Las habilidades duras o hard skills encapsulan conocimientos específicos, competencias técnicas y aptitudes cuantificables que se adquieren mediante la educación formal, capacitaciones especializadas o experiencia práctica. Estas habilidades son fácilmente identificables, y proporcionan lo necesario para la ejecución de tareas laborales específicas.
Son adquiribles intencionalmente: Estas habilidades requieren un esfuerzo consciente para su desarrollo. Así, desarrollar habilidades duras implica una dedicación deliberada a estudiar, practicar y aplicar los conocimientos obtenidos de manera sistemática.

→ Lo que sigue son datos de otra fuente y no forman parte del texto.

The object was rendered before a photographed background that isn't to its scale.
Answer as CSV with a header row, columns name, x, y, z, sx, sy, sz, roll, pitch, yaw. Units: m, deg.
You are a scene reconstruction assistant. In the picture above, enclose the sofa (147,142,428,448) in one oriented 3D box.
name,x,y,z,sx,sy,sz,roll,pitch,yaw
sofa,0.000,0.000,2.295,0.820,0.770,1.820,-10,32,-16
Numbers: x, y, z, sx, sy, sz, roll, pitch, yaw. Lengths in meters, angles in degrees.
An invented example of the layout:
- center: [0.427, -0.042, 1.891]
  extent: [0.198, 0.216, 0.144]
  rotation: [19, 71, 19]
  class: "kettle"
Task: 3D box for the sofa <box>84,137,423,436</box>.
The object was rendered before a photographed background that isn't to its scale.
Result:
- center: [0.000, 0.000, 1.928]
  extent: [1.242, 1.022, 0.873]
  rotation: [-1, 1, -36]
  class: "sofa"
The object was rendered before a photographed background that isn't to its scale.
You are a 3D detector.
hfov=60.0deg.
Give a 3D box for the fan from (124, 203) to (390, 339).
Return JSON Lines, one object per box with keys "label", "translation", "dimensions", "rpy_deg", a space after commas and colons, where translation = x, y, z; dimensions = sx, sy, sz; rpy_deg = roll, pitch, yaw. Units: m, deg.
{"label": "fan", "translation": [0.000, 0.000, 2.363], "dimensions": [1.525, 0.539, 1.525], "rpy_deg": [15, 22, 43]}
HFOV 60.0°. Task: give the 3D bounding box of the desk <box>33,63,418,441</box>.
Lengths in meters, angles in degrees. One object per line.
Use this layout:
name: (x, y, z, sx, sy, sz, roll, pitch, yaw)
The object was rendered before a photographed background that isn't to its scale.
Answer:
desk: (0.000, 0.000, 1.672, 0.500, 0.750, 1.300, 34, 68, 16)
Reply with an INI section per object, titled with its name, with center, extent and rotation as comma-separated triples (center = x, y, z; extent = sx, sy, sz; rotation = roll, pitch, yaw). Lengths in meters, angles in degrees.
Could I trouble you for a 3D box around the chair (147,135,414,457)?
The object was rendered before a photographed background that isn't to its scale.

Pueden ser medibles: La mensurabilidad de estas habilidades implica la existencia de criterios objetivos para evaluar su nivel. Este proceso de medición podría incluir exámenes, proyectos específicos o cualquier método que proporcione datos tangibles sobre la habilidad adquirida.
Se demuestran fácilmente: La demostración de habilidades duras es evidente en acciones y resultados concretos. Quienes las poseen pueden exhibir su competencia de manera clara al llevar a cabo tareas específicas o al abordar problemas particulares, facilitando su identificación y reconocimiento por parte de otros.
Son objetivas: La evaluación de estas habilidades se basa en estándares objetivos y criterios definidos. La competencia no está sujeta a interpretaciones subjetivas, lo que significa que existe una base clara y objetiva para determinar el nivel de habilidad de la persona en cuestión.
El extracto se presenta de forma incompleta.